A district court enjoined two individuals and two New Jersey drug companies from distributing unapproved injectable skin whitening drugs. In addition to preventing Flawless Beauty LLC and RDG Imports LLC from distributing the unapproved and misbranded drugs, the injunction requires the companies to recall and destroy all of the unapproved and misbranded injectable skin whitening drugs. The companies and individuals agreed to settle the case and be bound by a permanent injunction.

Complaint

According to the complaint, in addition to making skin whitening claims, the companies’ skin whitening drug products make other unsubstantiated therapeutic claims. For example, some of the products asserted that the drugs “contribute to good liver function” and “clinically treat degenerative brain & liver diseases including Parkinsons.” The complaint also identified public health risks associated with the companies purportedly sterile injectable skin whitening drugs—nerve or blood vessel damage, blood-borne infection, superficial skin infection, cellulitis, abscess formation, and toxic systemic reactions.

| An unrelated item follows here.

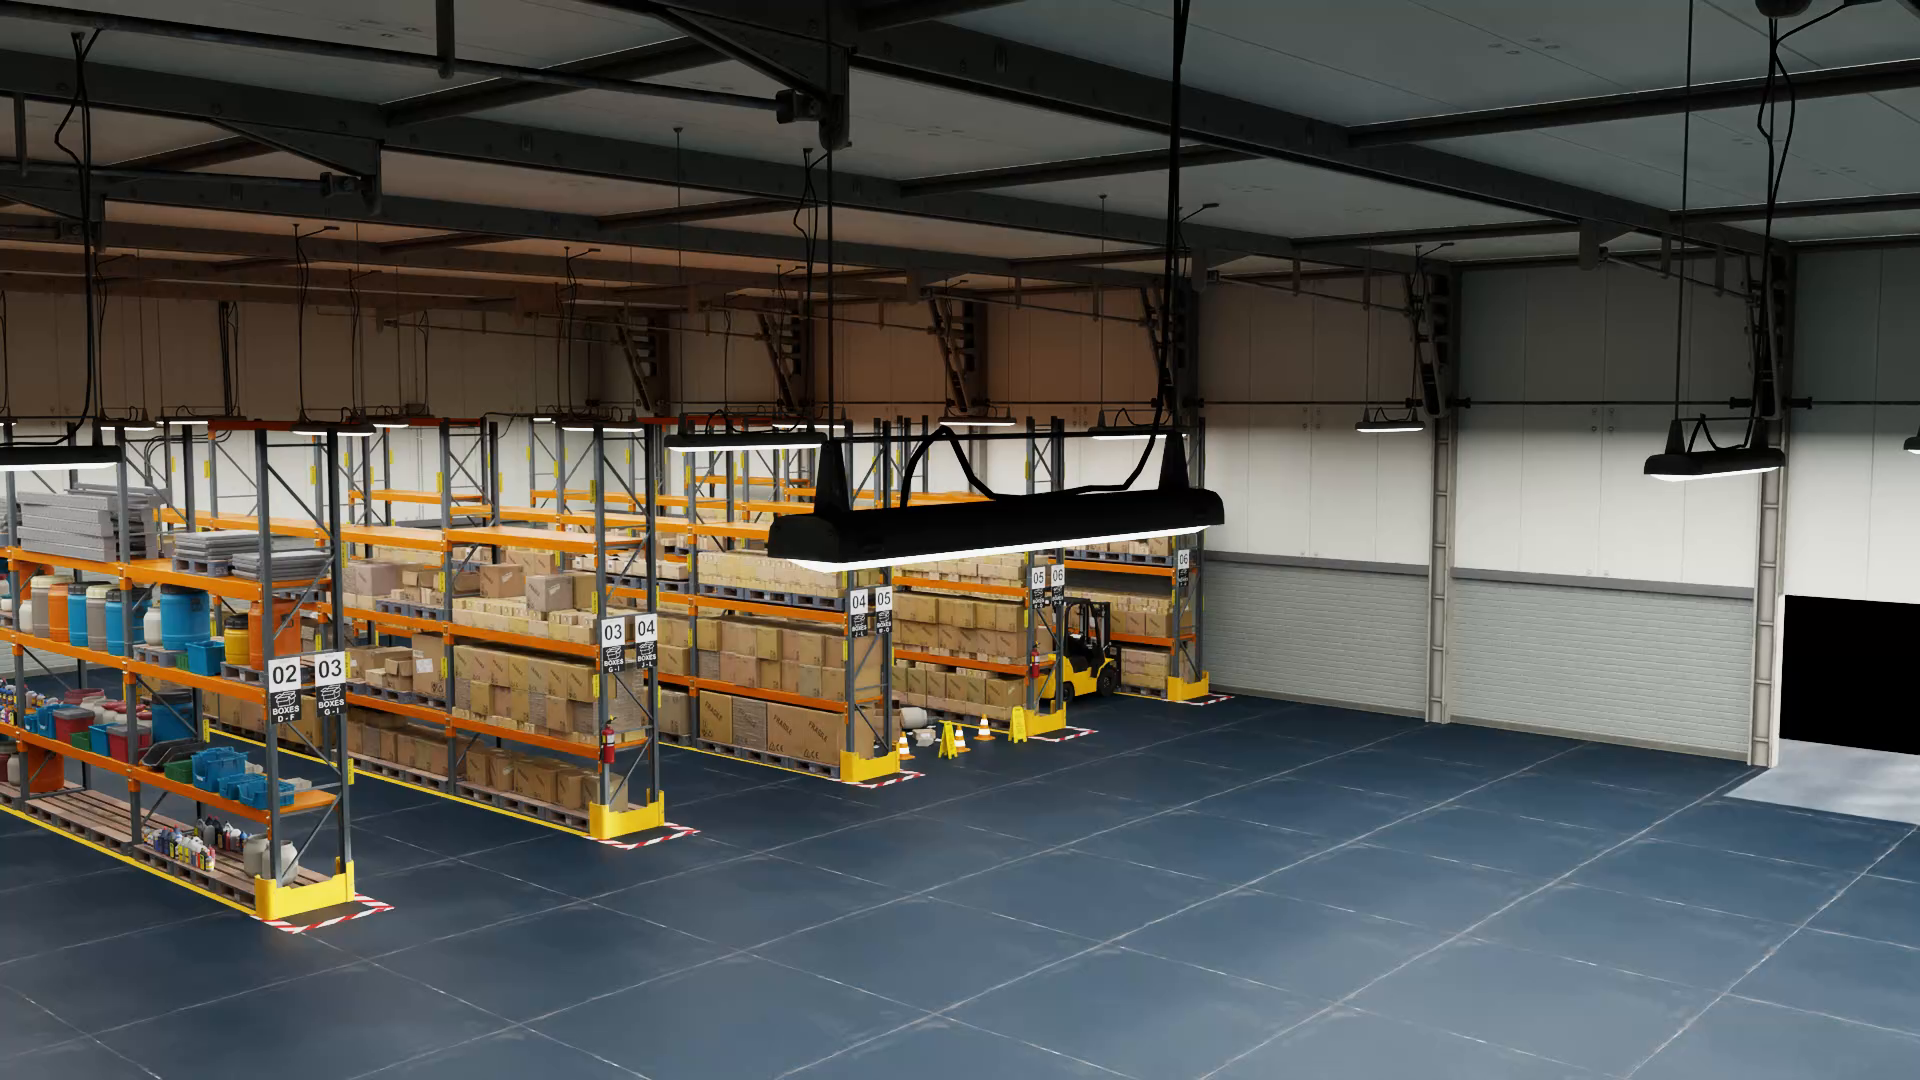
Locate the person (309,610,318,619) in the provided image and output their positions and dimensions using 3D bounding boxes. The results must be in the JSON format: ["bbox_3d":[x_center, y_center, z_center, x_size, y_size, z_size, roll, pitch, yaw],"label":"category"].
[{"bbox_3d":[-15.118,2.307,39.035,0.495,1.547,0.882,-1,5,-17],"label":"person"}]

The complaint asserted that the products were misbranded because they contained false or misleading information, including the false implication of FDA approval. Other labeling issues identified in the complaint include improper directions for use and the absence of “Rx” on the label.

Injunction. Until the companies meet specific remedial measures, the injunction requires them to stop importing, receiving, manufacturing, preparing, processing, packing, labeling, holding, and/or distributing unapproved drugs. The companies have 20 days to meet the mandate to recall and destroy the unapproved drugs.

Fraudulent medical evaluations earn psychologist 25-year prison term

A former clinical psychologist received a 25-year prison sentence and was ordered to pay $93 million in restitution to HHS and the Social Security Administration (SSA) for his participation in a scheme to obtain over $550 million in fraudulent federal disability payments. In addition to the prison sentence, the clinical psychologist was ordered to pay restitution of over $93 million to the SSA and HHS.

The scheme was initiated by an SSA administrative law judge (ALJ) who reassigned, to himself, pending disability cases associated with a particular attorney. The ALJ contacted the attorney and urged him to provide either physical or mental medical documentation supporting disability determinations, regardless of the actual disability status of the claimants. In cases where medical documentation was required, the clinical psychologist participated in the scheme. The clinical psychologist signed medical evaluation forms prepared by the attorney, without reviewing those forms. The attorney paid the ALJ more than $609,000 for granting benefits in his cases and nearly $200,000 to the clinical psychologist for his participation. The attorney received over $7 million in attorney’s fees.

As a result of the scheme, the SSA paid more than $550 million in lifetime benefits to claimants. The ALJ and the attorney pleaded guilty, receiving sentences of four and 12 years, respectively. Subsequently, the attorney absconded from electronic monitoring and is now considered a fugitive.